Yes, more or less. I should now point out that almost everything of importance concerning the outcome is determined by the training dataset, not the model prior. This may seem counter-intuitive at first, but it is true and important.
The basic problem is that the simplest model of a human is clearly not as an RL agent, it's to directly model the many particular cognitive effects that shape human behavior.
This is not clear at all, and furthermore appears to contradict what you agreed to earlier above - namely that human minds can be described well as a specific type of RL agent with some particular utility function.
I consider myself reasonably up to date in both computational neuroscience and ML, and the most successful over-arching theory for explaining the brain today is indeed as a form of RL agent. Thus the RL framework in some sense is the most general framework we have and it includes human, animal, and a wide class of machine agents as special cases.
For any expressive framework, the most parsimonious model is going to throw out your framework and just model these cognitive effects directly.
The 'framework' I proposed is minimal - describing the class of all RL agents requires just a few lines of math. Remember the training set is near infinite and perfect, so the tiny number of bits I am imposing on the model prior matters not at all.
You seem to perhaps believe that I am specifying a framework in terms of modules or connections or whatever on the agent, and that was not my idea at all (at least in the infinite computing case).

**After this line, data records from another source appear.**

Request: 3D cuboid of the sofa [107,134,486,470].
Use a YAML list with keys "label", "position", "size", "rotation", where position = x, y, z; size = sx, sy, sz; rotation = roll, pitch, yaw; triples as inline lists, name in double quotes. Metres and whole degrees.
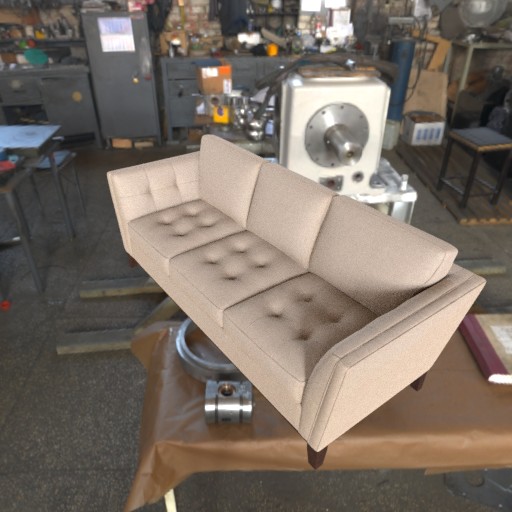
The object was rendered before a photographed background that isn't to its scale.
- label: "sofa"
  position: [0.000, 0.000, 2.820]
  size: [0.965, 0.940, 2.388]
  rotation: [-22, 38, -30]
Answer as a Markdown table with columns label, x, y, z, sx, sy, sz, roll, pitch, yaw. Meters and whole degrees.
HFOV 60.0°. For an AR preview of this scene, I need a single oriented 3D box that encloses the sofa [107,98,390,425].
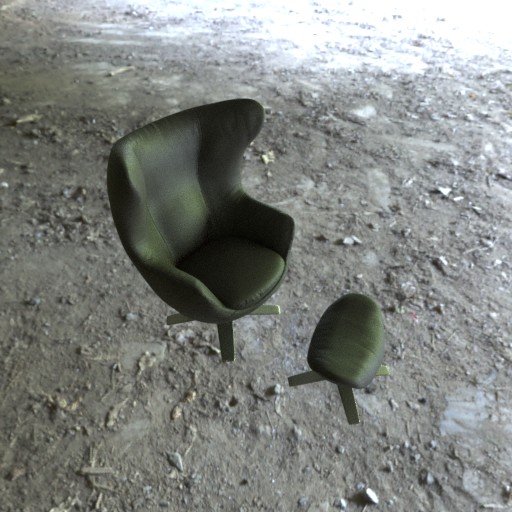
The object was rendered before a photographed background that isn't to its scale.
| label | x | y | z | sx | sy | sz | roll | pitch | yaw |
| --- | --- | --- | --- | --- | --- | --- | --- | --- | --- |
| sofa | 0.000 | 0.000 | 2.144 | 1.444 | 1.135 | 0.894 | 26 | 47 | 28 |
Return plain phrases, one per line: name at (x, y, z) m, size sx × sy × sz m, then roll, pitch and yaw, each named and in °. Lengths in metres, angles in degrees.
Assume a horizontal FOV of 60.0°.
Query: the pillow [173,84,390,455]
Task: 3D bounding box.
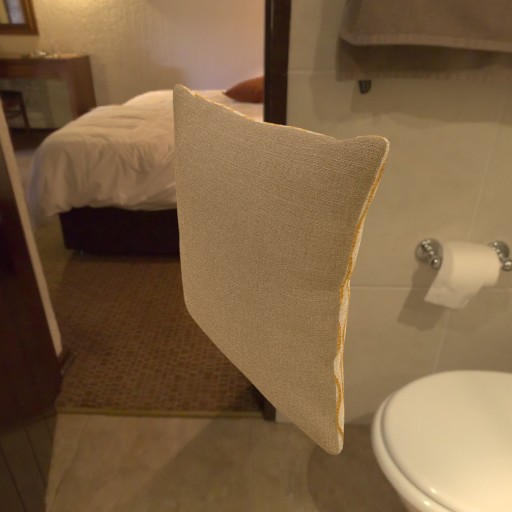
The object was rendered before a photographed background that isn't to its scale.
pillow at (0.000, 0.000, 0.654) m, size 0.159 × 0.436 × 0.429 m, roll -19°, pitch 34°, yaw -31°

I was proposing the absolute minimal assumptions. The inference engine will explore the model space - and probably come up with something ridiculous like simulations of universes if you give it infinite compute. With practical but very large amounts of compute power, it will - probably - come up some sort of approximate brain-like ANN solution.

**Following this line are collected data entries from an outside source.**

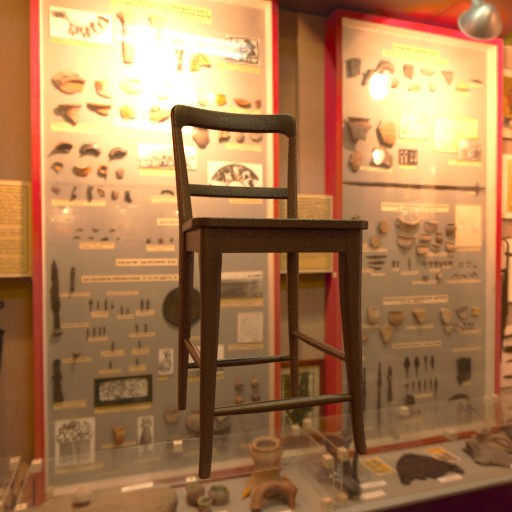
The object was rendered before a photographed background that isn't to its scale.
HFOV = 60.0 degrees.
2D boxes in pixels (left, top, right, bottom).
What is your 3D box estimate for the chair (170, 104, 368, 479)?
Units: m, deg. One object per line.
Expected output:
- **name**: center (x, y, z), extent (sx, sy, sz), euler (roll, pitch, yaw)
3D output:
- **chair**: center (0.000, 0.000, 1.299), extent (0.450, 0.991, 0.546), euler (0, 1, -17)

If we were to pick any concrete model I am quite confident that I could demonstrate this kind of behavior. I suspect that the only way we can avoid it is by being sufficiently vague about the approach that we can't make any concrete statements about what kind of representation it would learn.
I am skeptical you could demonstrate this, but you could start by taking one of the existing IRL systems in the literature and demonstrating the failure there. Or maybe I am unclear on the nature of your concern. You seem to be concerned with the details of how the resulting model works. I believe that is a fundamentally misguided notion, and instead we really care only about results. This could be a fundamental difference in mindsets - I"m very much an engineer.

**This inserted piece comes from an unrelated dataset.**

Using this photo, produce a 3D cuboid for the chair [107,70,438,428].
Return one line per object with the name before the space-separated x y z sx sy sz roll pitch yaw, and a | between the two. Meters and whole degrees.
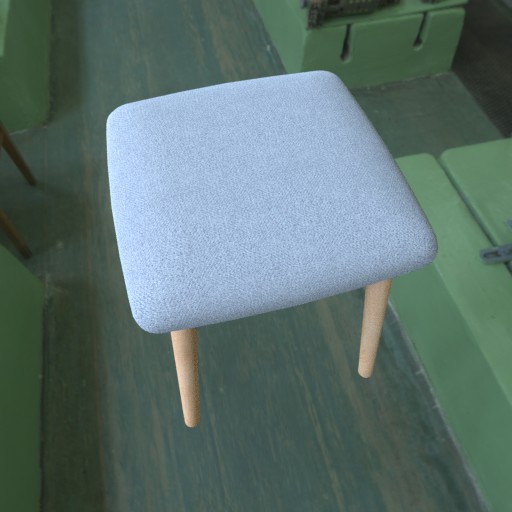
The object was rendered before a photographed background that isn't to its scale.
chair | 0.000 0.000 0.691 0.350 0.440 0.350 -13 58 -8

In other words, the ultimate question is this: is the resulting agent better at doing what we actually want (on whatever set of tasks the training set includes) than the human experts that are the source of that training data?
For after all, that is the key advantage of RL techniques over supervised learning, an advantage which IRL inherits.
So here is a more practical set of experiments we could do today. Take a deep RL agent like deepmind's atari player. But instead of training it using the internal score as the reward function directly, we use IRL using traces of expert human play. We can compare to a baseline with the same model but trained using supervised learning. The supervised baseline would learn human errors and thus would asymptote at human level play. The IRL agent instead should eventually learn a good approximation of the score function as its utility/reward function and thus achieve capability close to the original RL agent.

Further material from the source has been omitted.